如果说《洗剑录》里连营的人设是用来圈粉的,这部剧男N就是反其道而行的洗粉永动机,让他之前的小甜饼人设崩得连渣都不剩。
更可恨的是春节后进组,拍摄期正好压过他艺考的时间点。
“一箭双雕啊!”黎安摸着下巴,随手翻剧本,现实题材都市剧,他的角色是个不学无术纨绔子弟,各种觊觎女主美色,各种给男主挖坑,拳打八十老妪、脚踢三岁孩童,简直不是人啊!

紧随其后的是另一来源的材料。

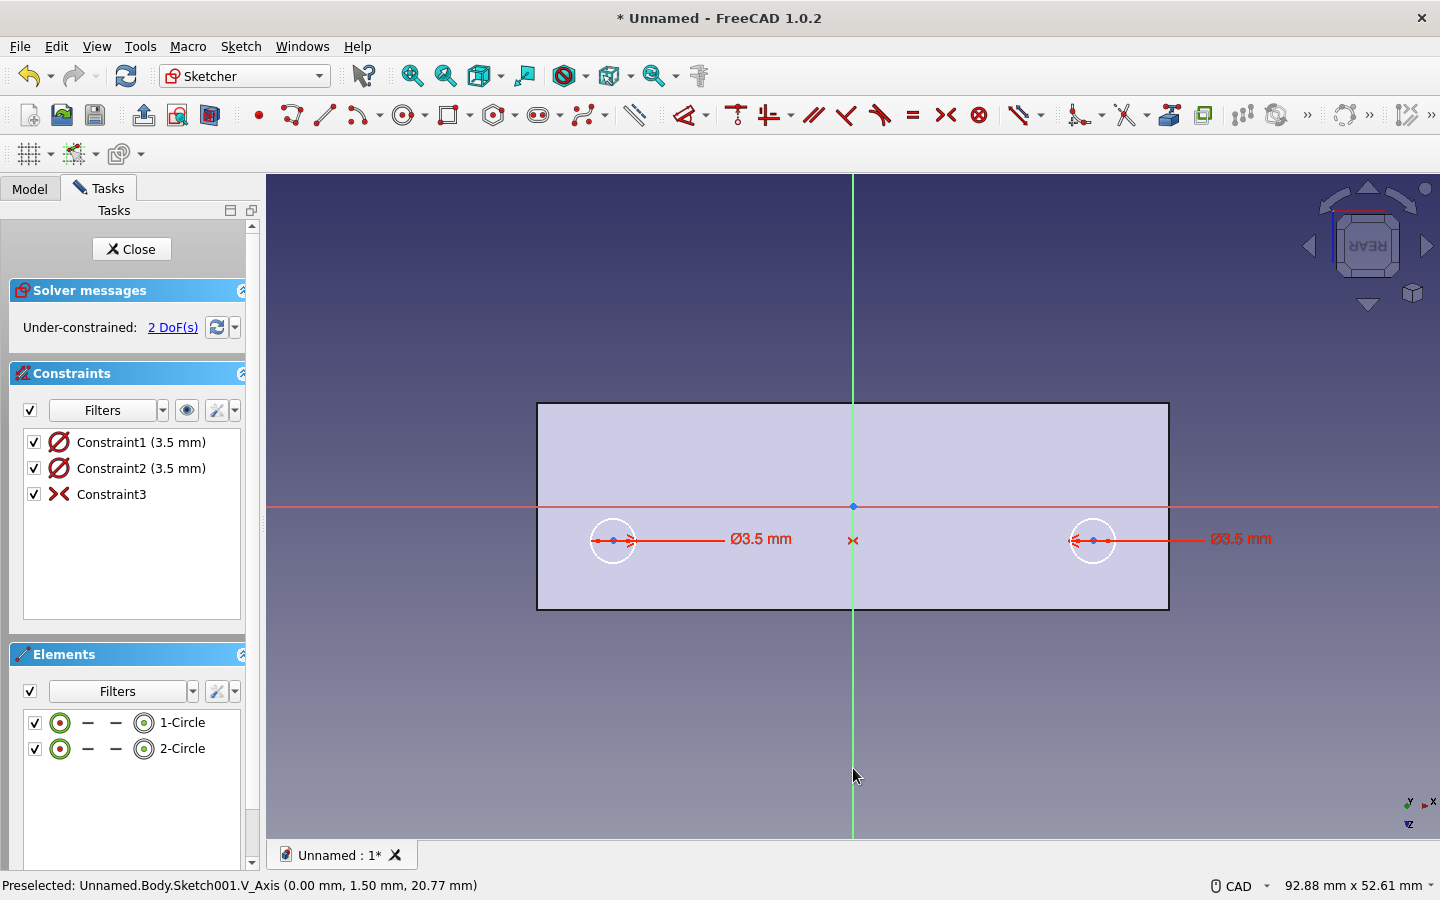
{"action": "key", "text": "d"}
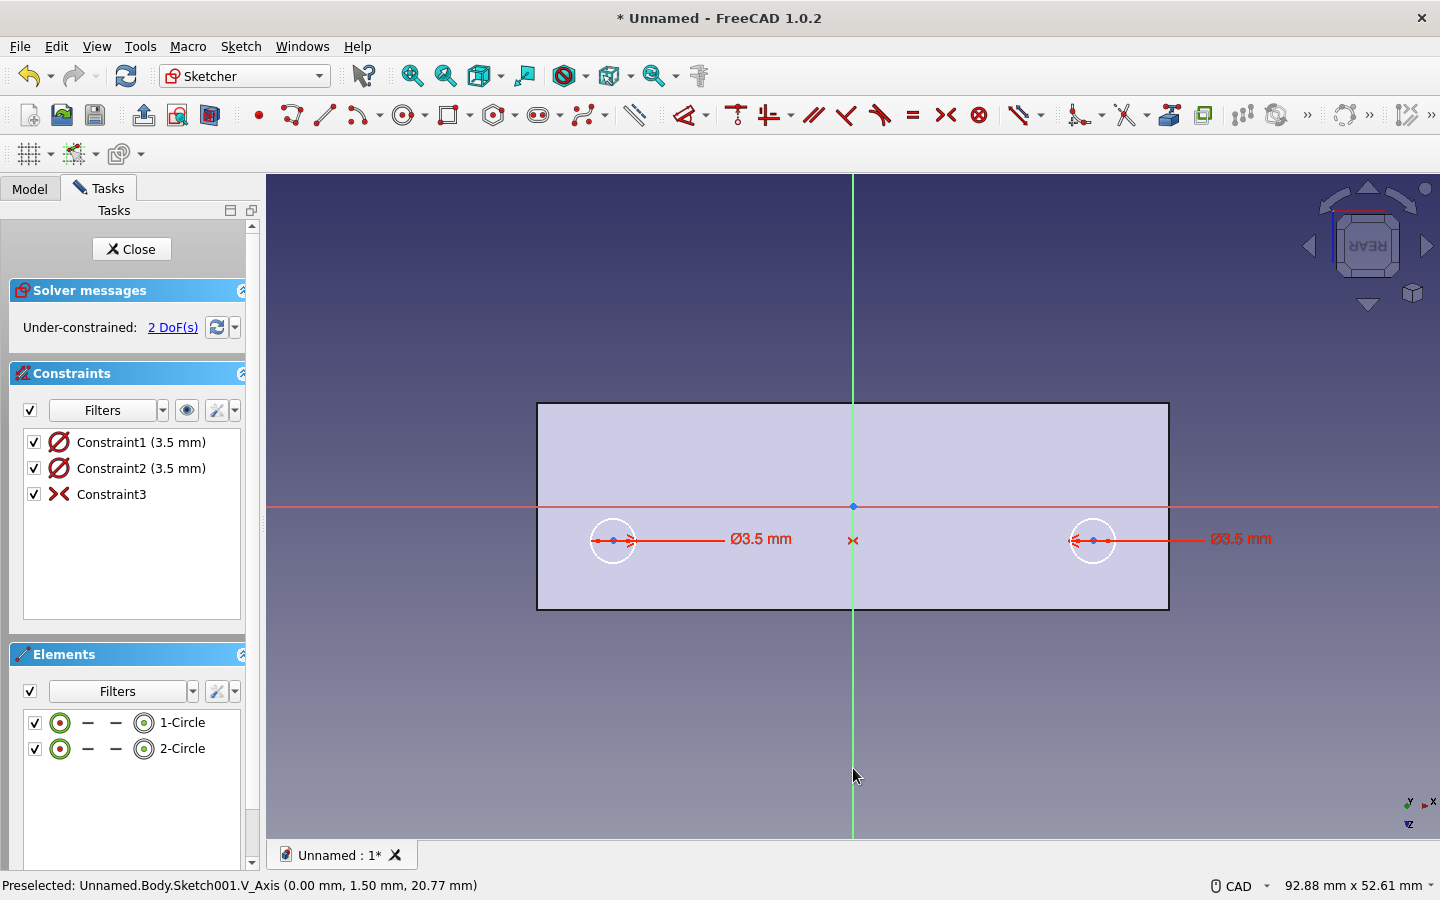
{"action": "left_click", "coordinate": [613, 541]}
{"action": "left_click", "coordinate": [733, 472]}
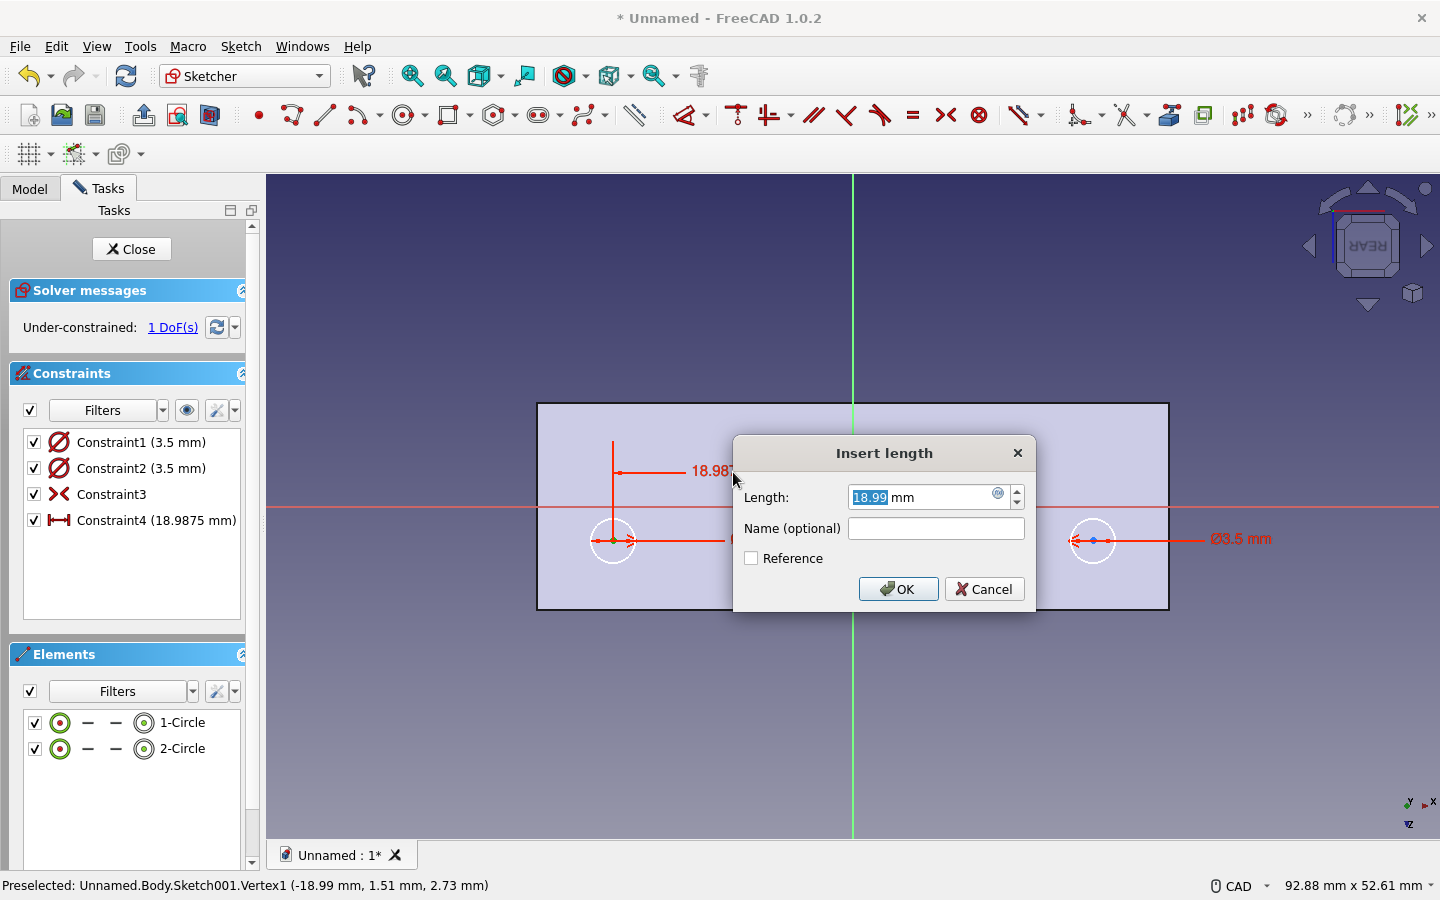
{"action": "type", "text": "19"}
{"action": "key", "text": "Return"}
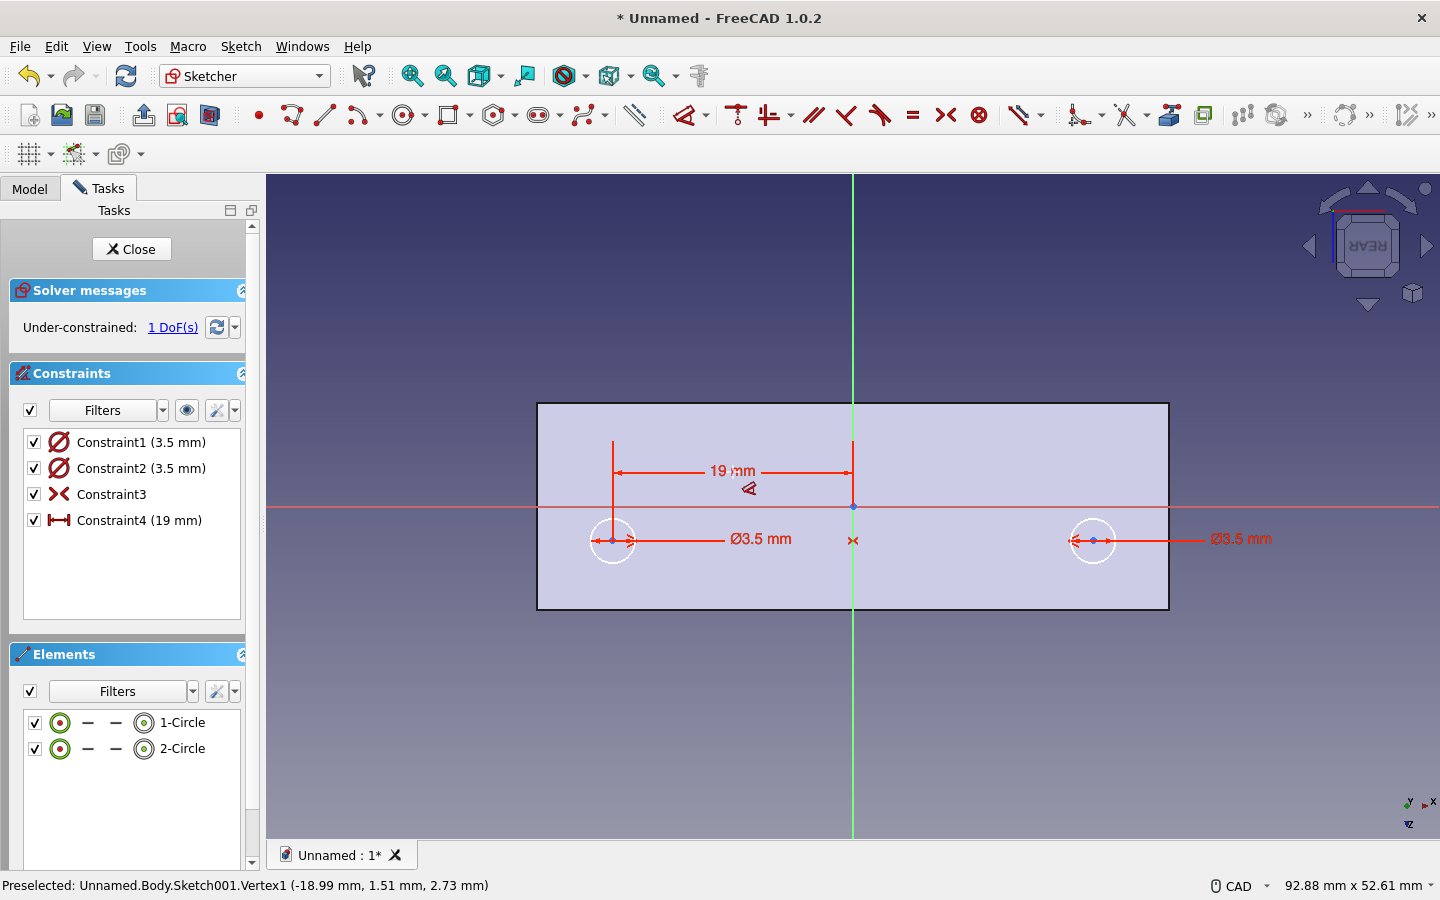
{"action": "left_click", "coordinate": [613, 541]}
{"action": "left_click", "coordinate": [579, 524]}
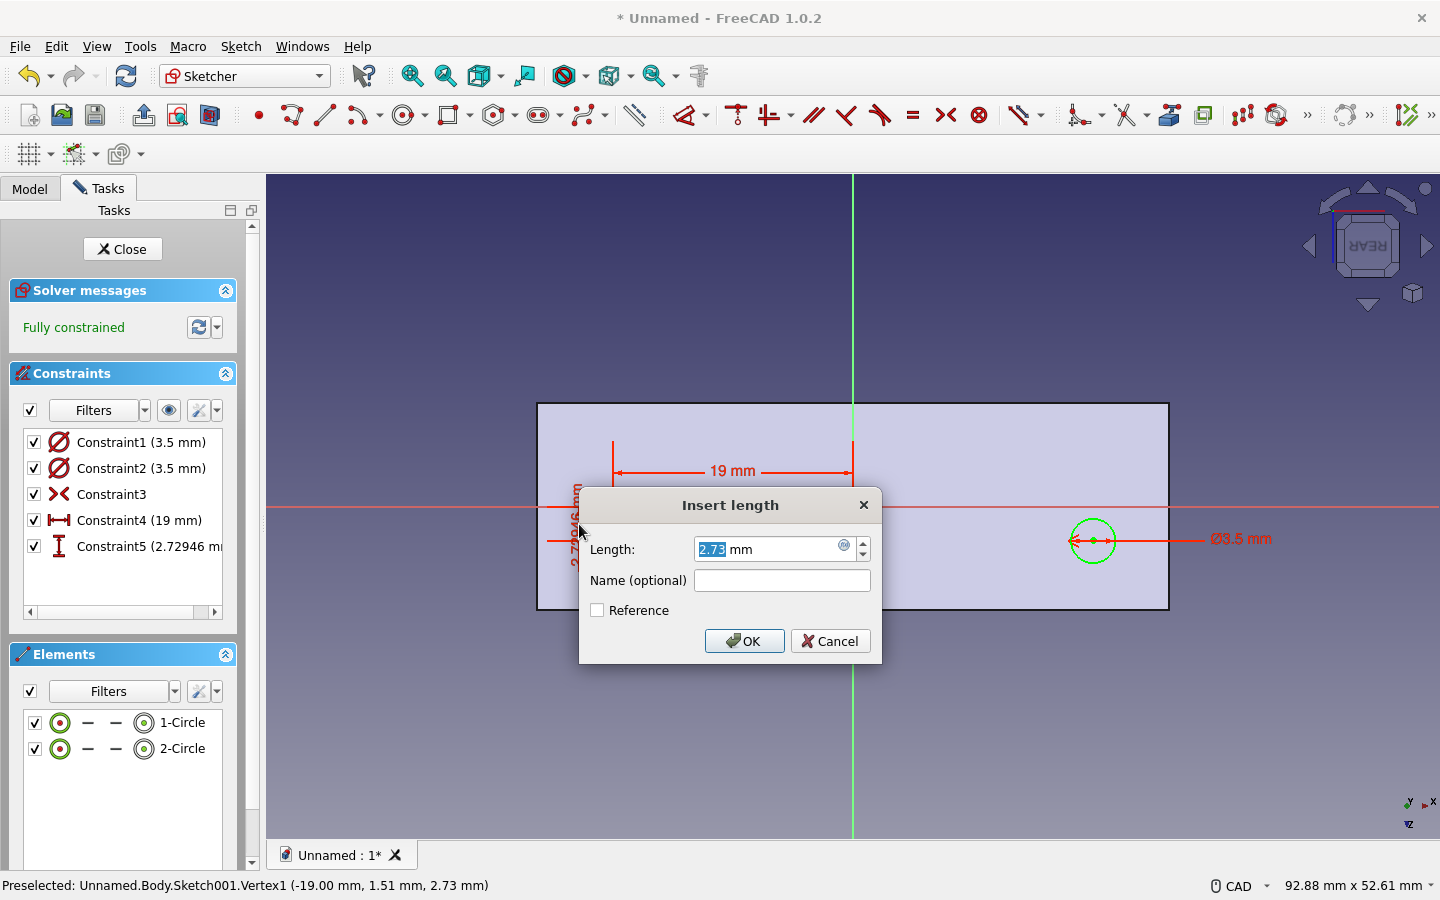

纪越钧就着他手里的剧本一起瞄了几眼,嘴里啧啧称奇:“我去……这人设不是坏,是神精病吧?现实里哪有这么坏的人啊?”
“怎么没有?李某一、孙某果,哪个不比这生猛?”
“也是哈!”纪越钧想想也是,但是对黎安这种小爱豆来说,这种角色对个人形象伤害还是挺大的吧。又问:“你可以拒绝接戏吗?”
“不可以。”黎安摇头,把剧本一合,说:“我找冯老师请教请教去,这角色坏的不够彻底,没准还可以抢救一下。”
冯总是久经沙场的老戏精,拿到剧本稍做思量,就给出了自己的指导意见,说到底,剧本是表象,真正的好演员要输出的是文字之下更深层次的情感线索,而每个演员的输出策略是千差万别的,这就是为什么同样是恶角,有人演得使人作呕,有人演出来能让观众心生惧意,又或者,让人萌生酸楚念念不忘。
冯老师指着剧本里几场纨绔和家人互动的剧情,说:“你可以从这几幕戏里做文章,这个角色在父母这里有多缺爱,作恶的时候就有多恶劣。不要只着眼那些表面的东西,想想这个孩子,其实也蛮可怜的,你看,我脑补一下已经开始有点同情他了。”
黎安恍然大悟,紧忙点头应是。
冯老师又道:“但是你不要用连营的方法去表达,不要太过依赖肢体语言,也不要着力刻画眼神,这个角色,可以让你的眼神干净一点,他其实可以是个很单纯的人,一个没长大的小孩儿,用极端的手段唤起别人对他的注意。……但是你要去拍这个戏,论文是不是就来不及写了?”